The light-to-heat energy conversion film 54 introduced to cure the thermosetting red light-emitting material 53R includes an active material that absorbs laser light, etc. in the layer, thereby converting the light energy of the laser to be converted into thermal energy. It serves to transfer to the light emitting material layers 53R, 53G, 53B. The light-to-heat energy conversion film 54 includes an active material for absorbing radiation and is introduced in a thin film on top of the light emitting material layer.

In this case, the active material may be a material capable of absorbing the radiation of the laser, and preferably has an optical density of about 0.2 to 3 or more at the radiation wavelength. For example, black azo pigments based on copper or chromium complexes of nickel dithiolene, pyrazolone yellow, dianisidine red and nickel azo yellow; Inorganic pigments, such as metal oxides, such as carbon black, Cr / CrOx, black aluminum, and graphite, can be selected from the group consisting of.

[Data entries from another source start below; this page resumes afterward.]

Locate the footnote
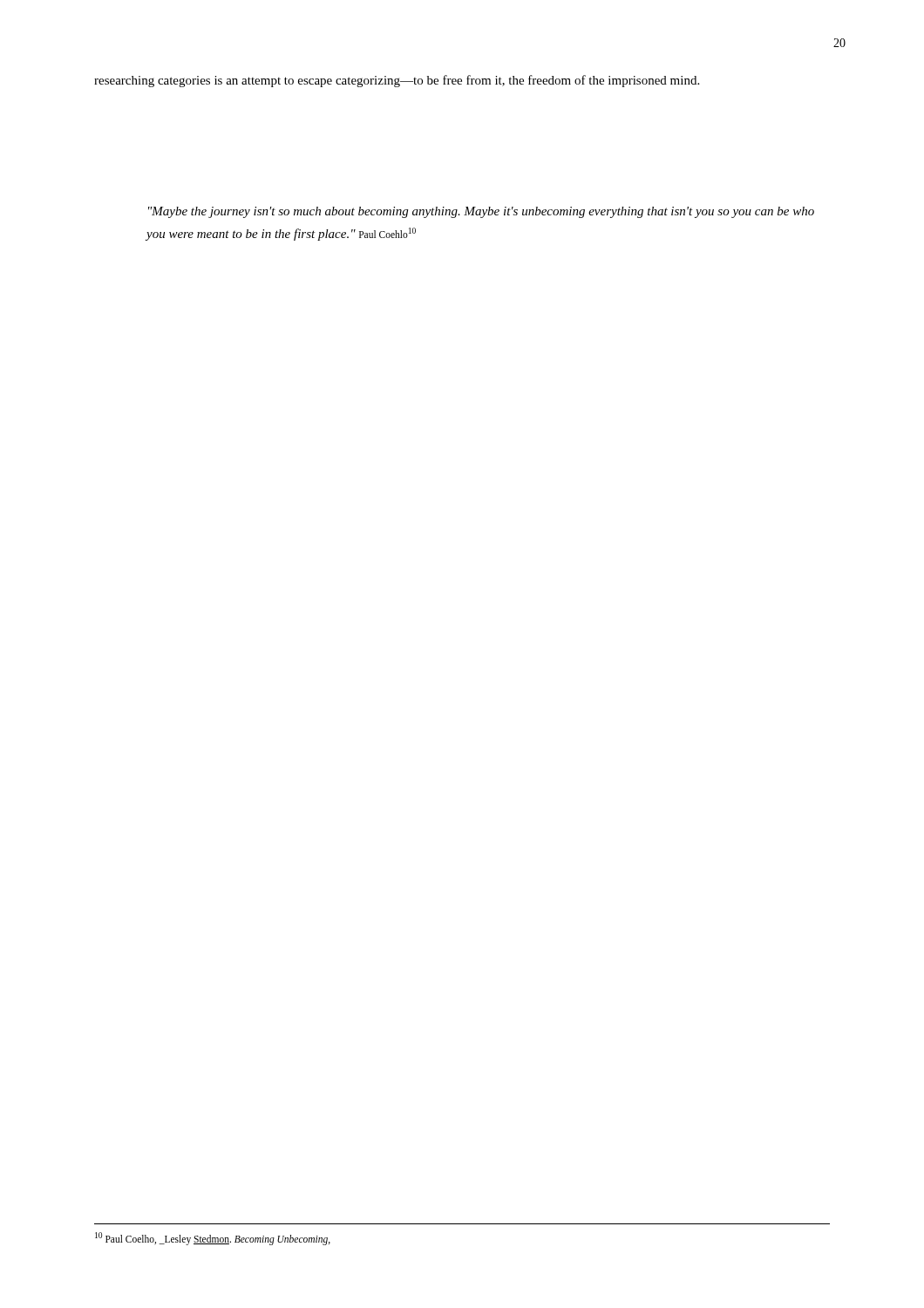This screenshot has width=924, height=1308. (x=462, y=1238)
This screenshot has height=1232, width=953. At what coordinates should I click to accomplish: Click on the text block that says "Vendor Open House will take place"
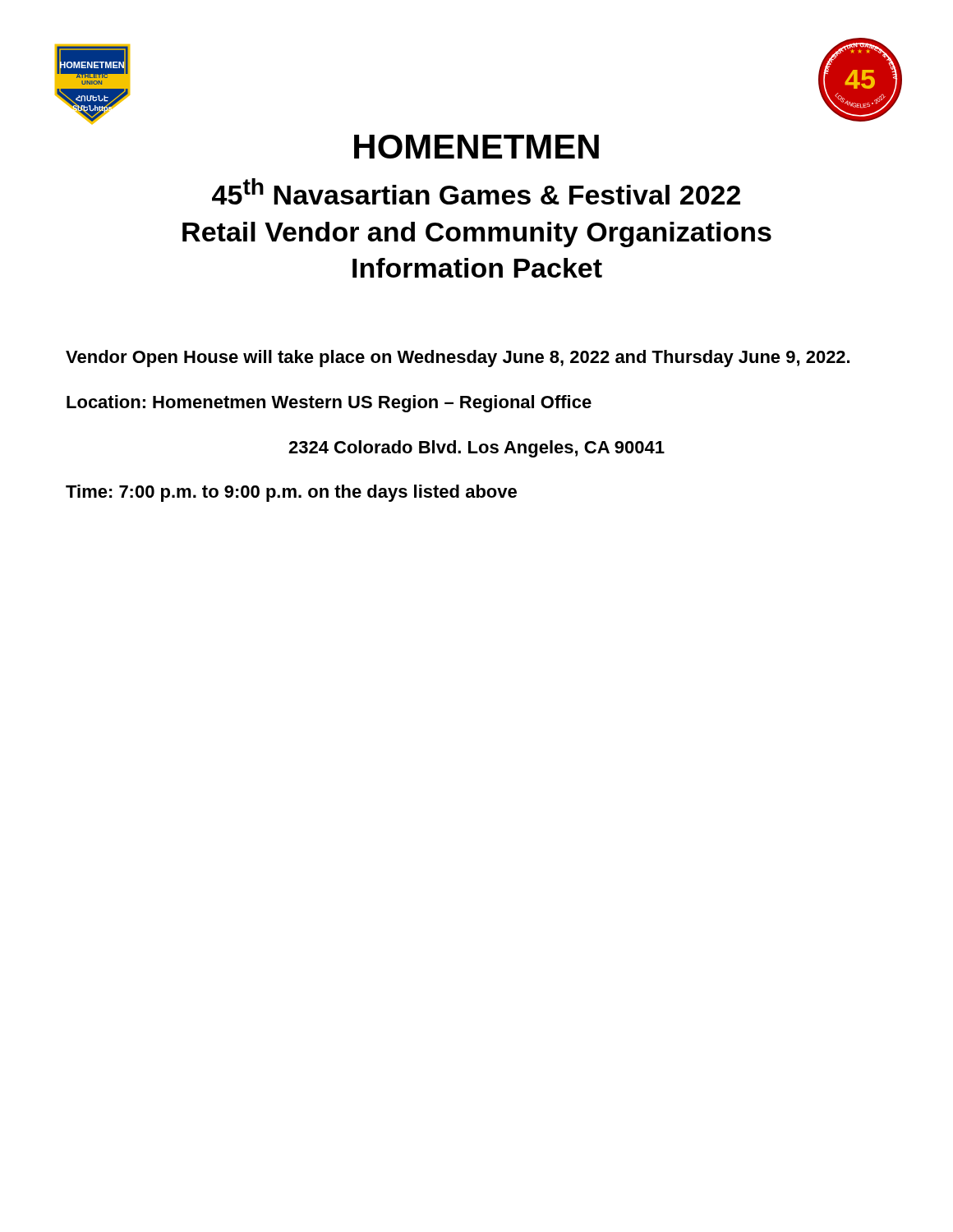point(476,358)
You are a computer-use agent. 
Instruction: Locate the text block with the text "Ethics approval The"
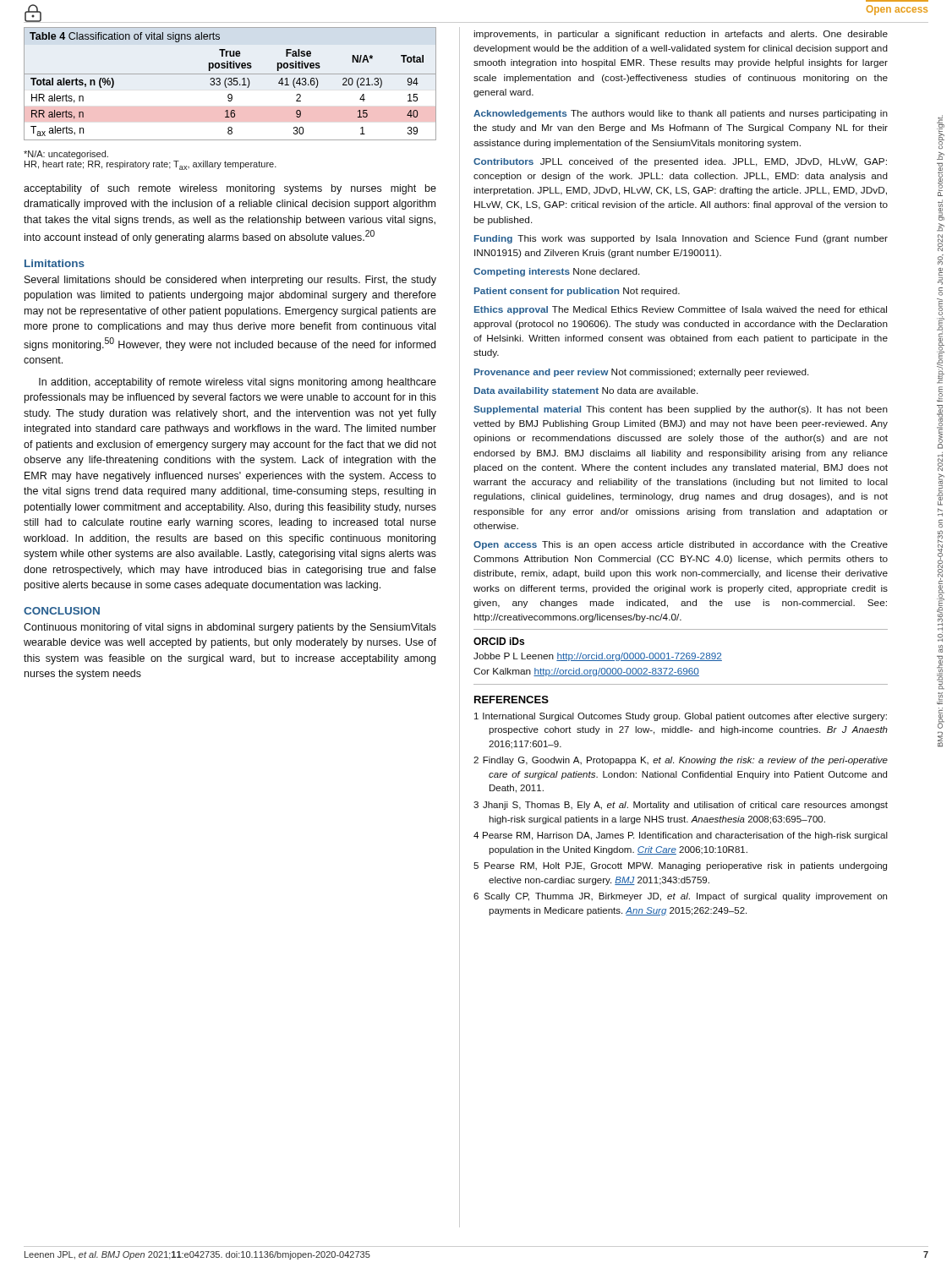click(681, 331)

The binder may be a film forming polymer, such as a phenolic resin (eg, novolac and resole resins), polyvinylbuthylal resin, polyvinylacetate resin ( polyvinylacetate resin, polyvinylacetal resin, polyvinylidene chloride resin, polyacrylates resin, polycarbonate resin, cellulose ethers and esters ether and ester resin based on cellulose) and nitrocellulose. Suitable binders can include monomers, oligomers, or polymers that are polymerized or crosslinked, or that can be polymerized or crosslinked.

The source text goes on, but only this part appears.